Pasal 6 UU No. 4 Tahun 1996 mengaktualkan Sistem
Parate Eksekusi yang digariskan Pasal 1178 KUHPerdata.
Menurut penjelasan umum angka 9 , salah satu ciri
HT yang kuat adalah mudah dan pasti pelaksanaan eksekusinya : Untuk HT dalam UU Ini mengatur Lembaga Parate Executie sebagaimana yang dimaksud Pasal 224 HIR, Pasal 256 RBG ; Sehubungan dengan hal irtu Sertifikat Hak Tanggungan ( SHT ) dibubuhkan irah-irah dengan kata-kata ” Demi Keadilan Berdasarkan Ketuhanan Yang Maha Esa, sebagai landasan kekuatan eksekutorial yang sama dengan putusan Pengadilan yang telah Berkekuatan Hukum Tetap ( BHT ). Dengan demikian mengenai pelembagaan parate executie selain diatur pada Pasal 6, juga diatur pada penjelasan umum UUHT tersebut.

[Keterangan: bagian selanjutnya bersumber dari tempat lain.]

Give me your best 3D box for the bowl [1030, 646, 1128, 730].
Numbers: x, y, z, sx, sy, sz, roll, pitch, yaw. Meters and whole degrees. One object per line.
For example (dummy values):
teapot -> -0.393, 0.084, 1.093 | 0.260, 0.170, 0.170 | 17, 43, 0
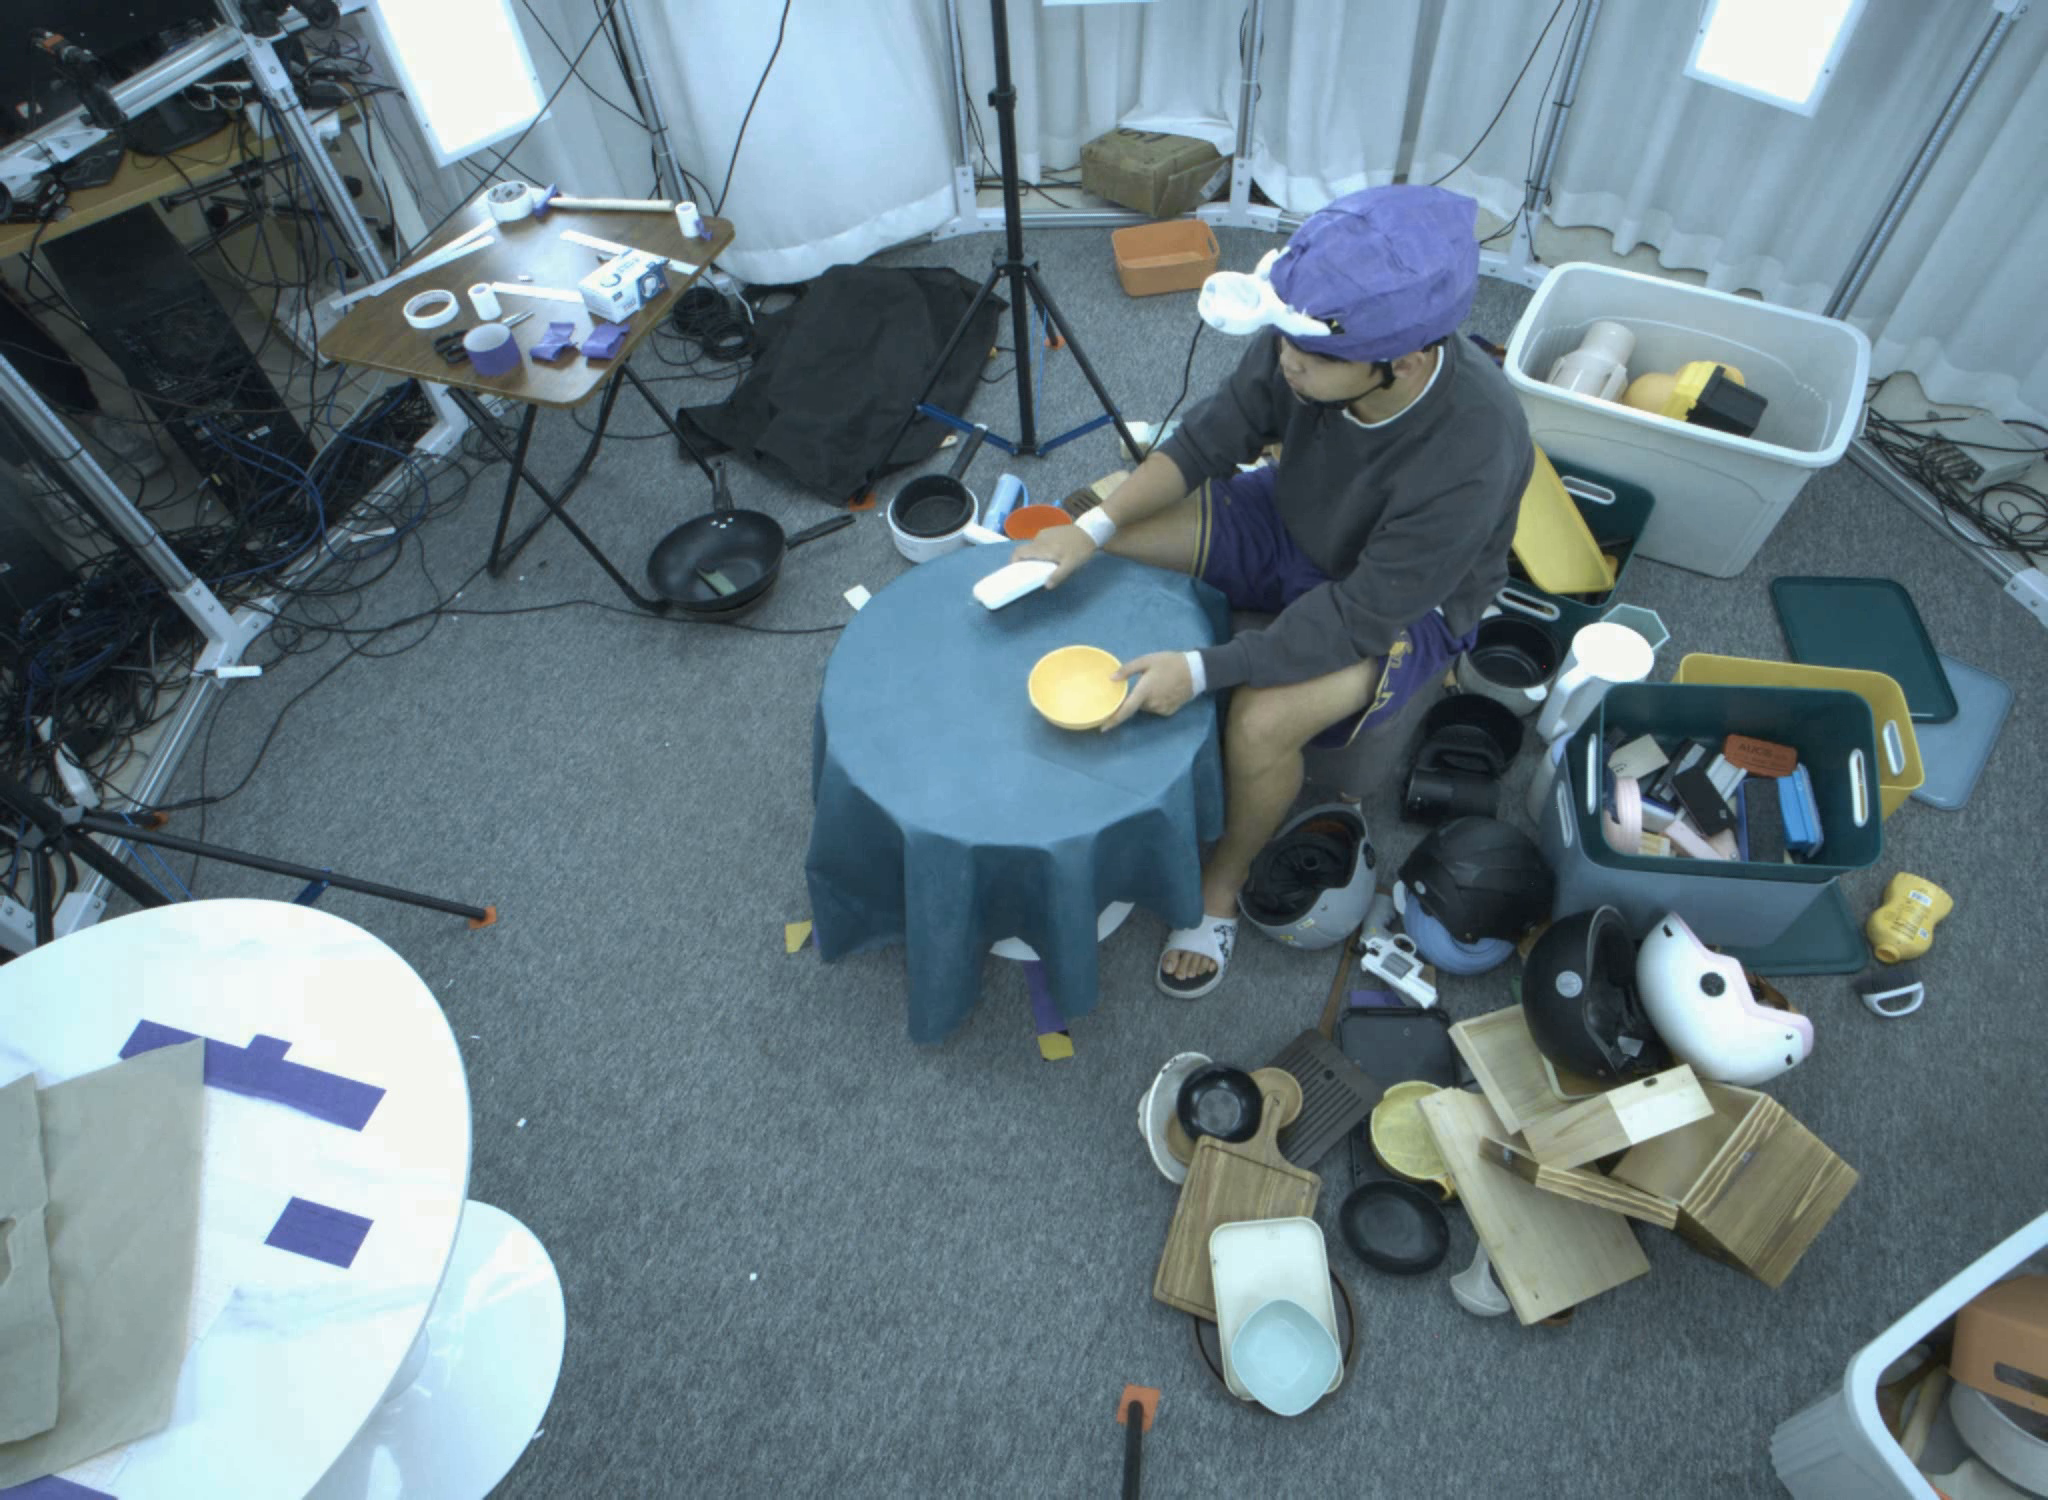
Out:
bowl -> 0.080, -0.079, 1.810 | 0.145, 0.060, 0.144 | 1, 55, 0

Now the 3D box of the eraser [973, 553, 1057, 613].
eraser -> -0.013, -0.263, 1.919 | 0.132, 0.035, 0.062 | -29, 45, -12

Pasal 6 bukan hanya mengatur mengenai Lembaga
Parate Executie , tetapi juga Menjual Atas Kekuasaan Sendiri ( Eigenmachtige verkoop) Pasal 6 berbunyi : ‘’Apabila debitur cidera janji, Pemegang Hak Tanggungan mempunyai hak untuk menjual obyek Hak Tanggungan atas kekuasaan sendiri melalui pelelangan umum serta mengambil pelunasan piutang dari hasil penjualan tersebut ”
Pelaksanaan parate executie tunduk pada Pasal 224
HIR apabila tidak diperjanjikan kuasa untuk menjual sendiri :
- Penjulan lelang harus diminta kepada Ketua
Pengadilan ‘ - Untuk menentukan adanya cedera janji merujuk ketentuan Pasal 1243 KHUPerdata.atau apabila ada kesepakatan Bahwa menjual Hak Tanggungan atas kekuasaan sendiri merupakan salah satu kedudukan kreditor yang diutamakan atas hak preferen. Hasil penjualan kredtor berhak mengambil pelunasan seluruh utang dari hasil penjualan lebih dahulu pelunasan mengesampingkan kreditor yang lain.

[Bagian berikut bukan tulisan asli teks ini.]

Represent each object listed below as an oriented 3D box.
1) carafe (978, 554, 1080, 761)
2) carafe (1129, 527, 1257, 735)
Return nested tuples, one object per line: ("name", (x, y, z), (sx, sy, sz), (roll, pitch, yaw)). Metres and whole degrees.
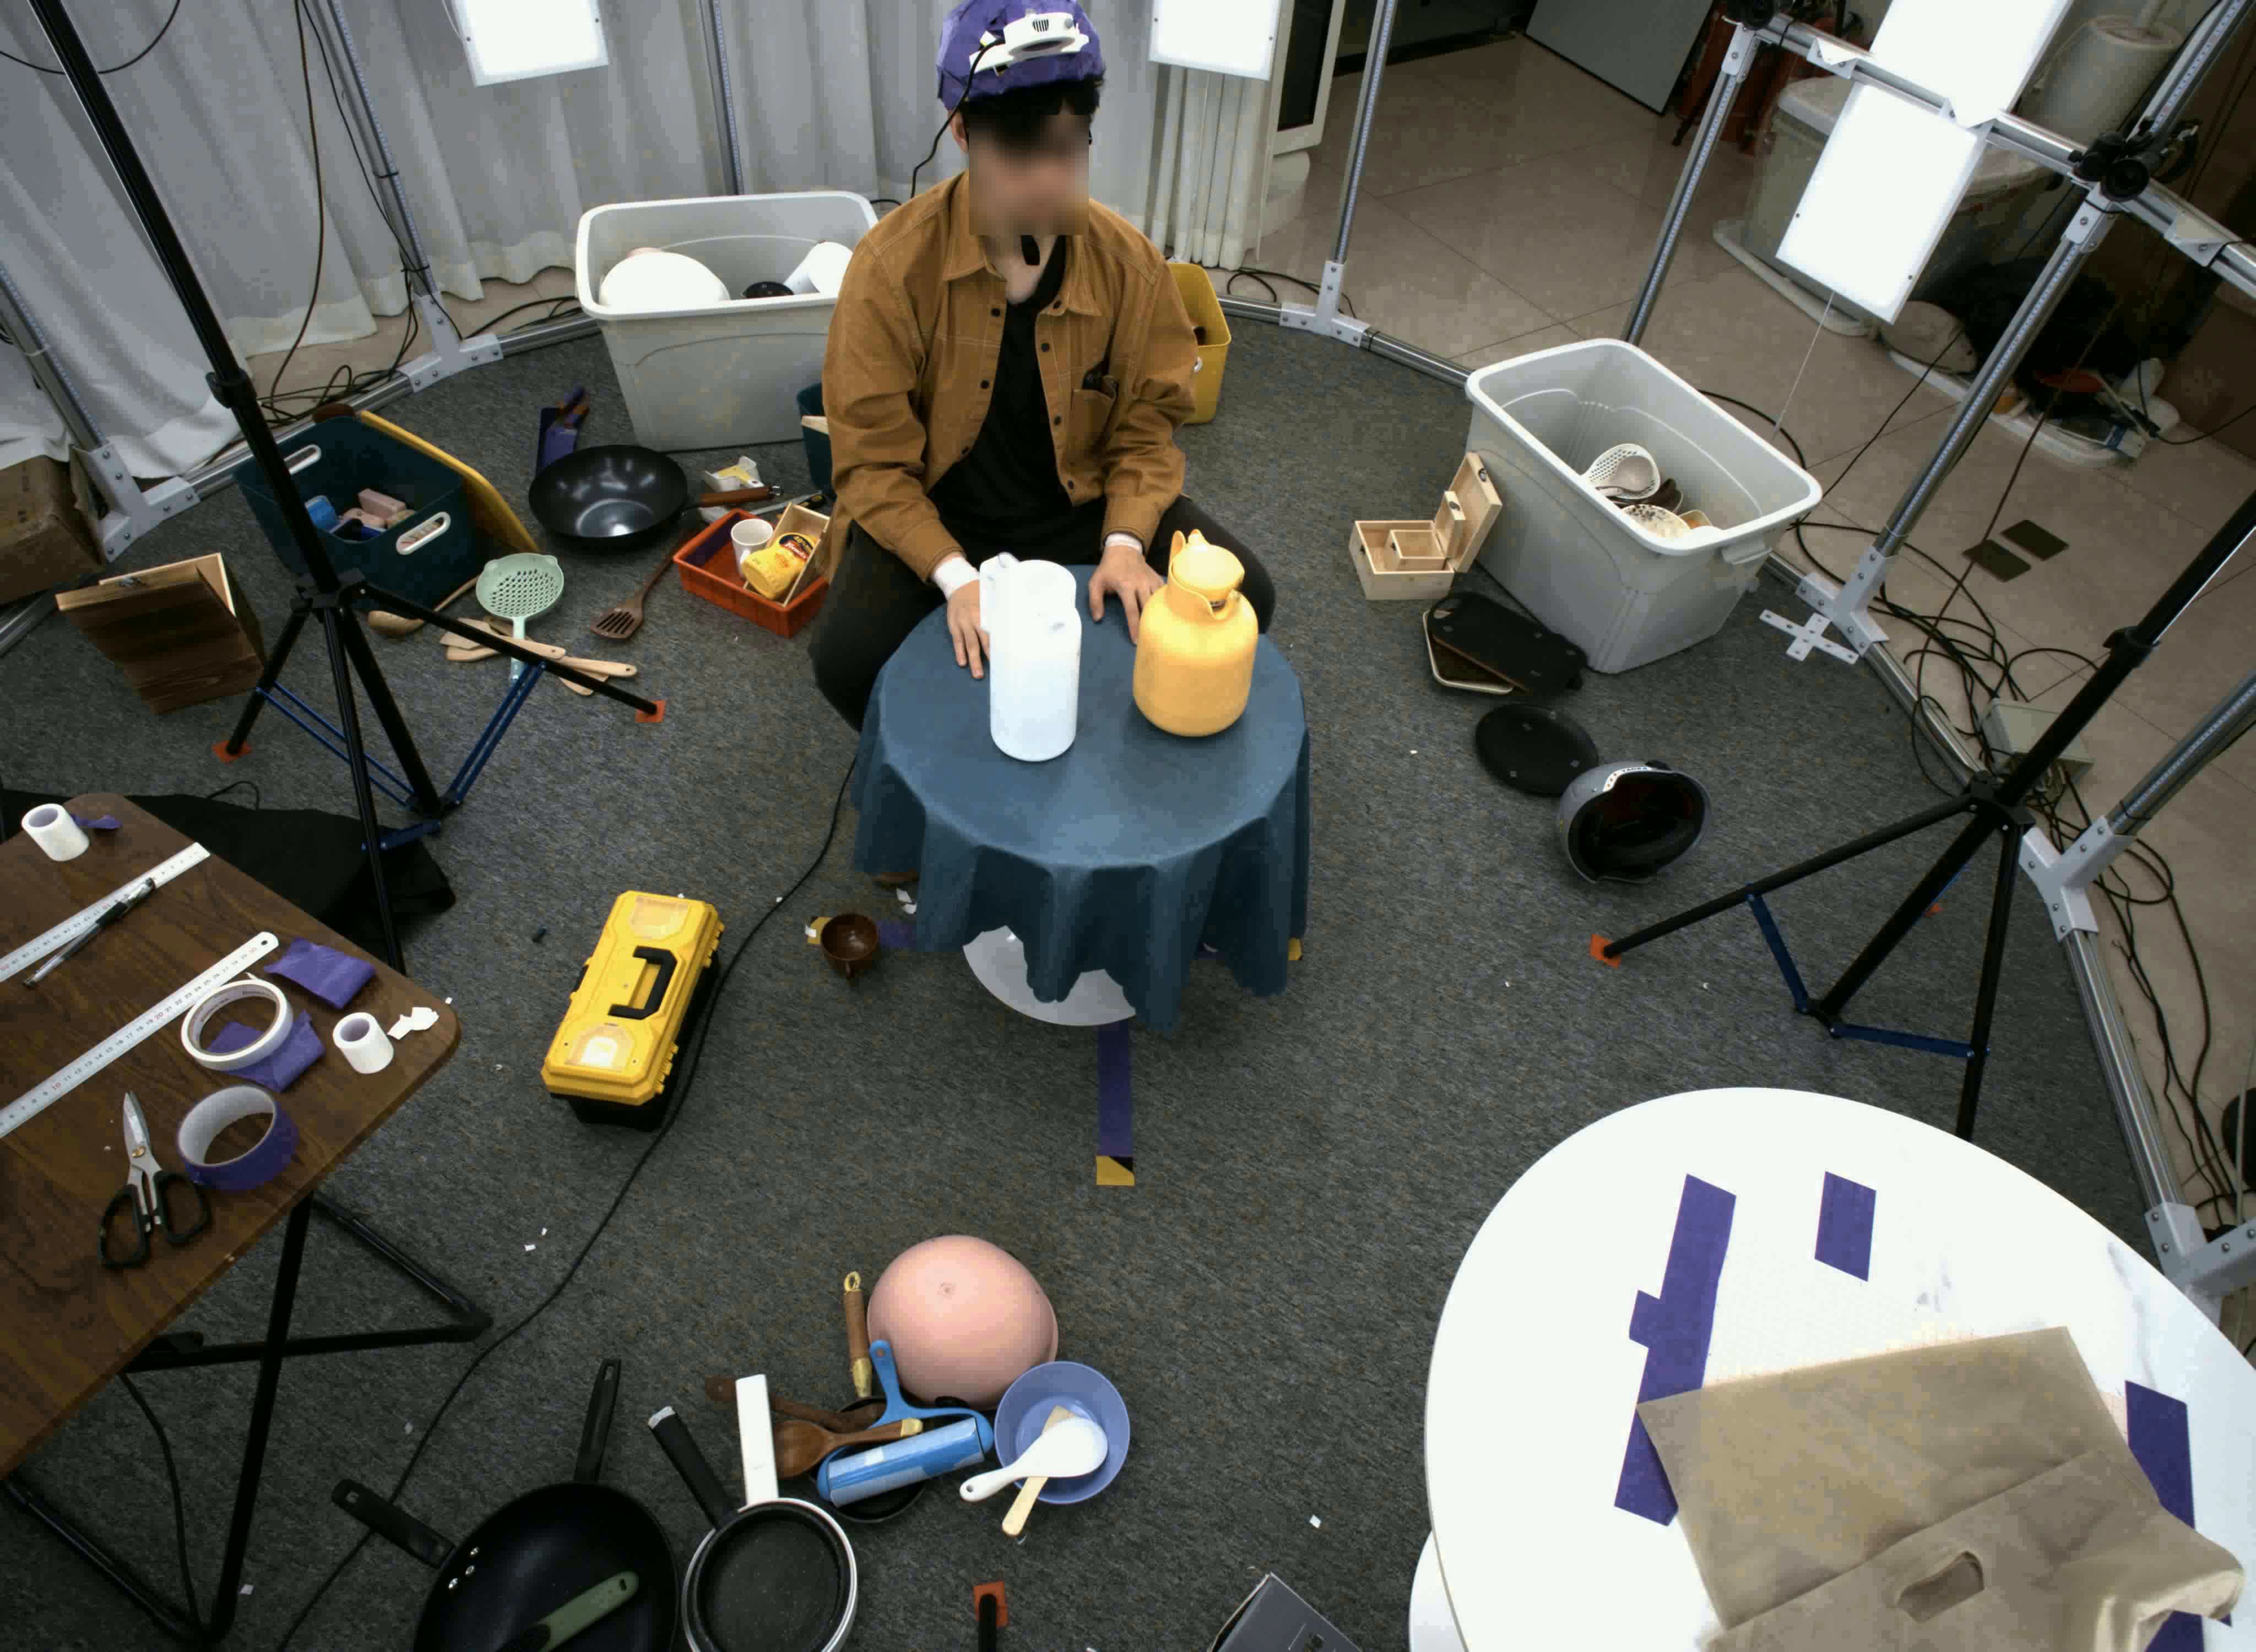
("carafe", (-0.135, -0.222, 1.681), (0.124, 0.262, 0.176), (-31, 58, -25))
("carafe", (0.089, -0.271, 1.739), (0.163, 0.254, 0.207), (-3, 51, -11))

Eksekusi Riil, tunduk kepada Ketentuan Pasal 200
ayat ( 1) HIR.
Mengenai eksekusi riil atas obyek HT yang telah
dijual,baik hal itu melalui PN berdasarkan Pasal 224 HIR, atau melalui kekuasaan sendiri berdasakan penjelasan Pasal 6 Tidak diatur dalam UU No. 4 Tahun 1996 Karenanya pelaksanaan eksekusi riilnya tunduk kepada ketentuan umum Pasal 200 ayat ( 1 ) HIR Dengan demikian jika Pemberi HT tidak mau atau enggan mengosongkan /meninggalkan obyek HT yang telah dijual lelang kepada pembeli lelang - Pemegang HT semula atau pembeli lelang, dapat meminta kepda Ketua PN untuk mengosongkannya ; - Berdasarkan permintaan itu, Ketua PN mengeluarkan/menerbitkan surat penetapan berisi perintah kepada jurusita supaya melakukan eksekusi riil berupa pengosongan obyek tersebut, jika perlu dengan bantua polisi.
Berdasarkan ketentuan Pasal 200 HIR ayat ( 1 )
tersebut , eksekusi untuk mengosongkan obyek HT yang dijual lelang : - Cukup dalam bentuk permintaan kepada Ketua PN - Tidak perlu dalam bentuk gugatan perdata.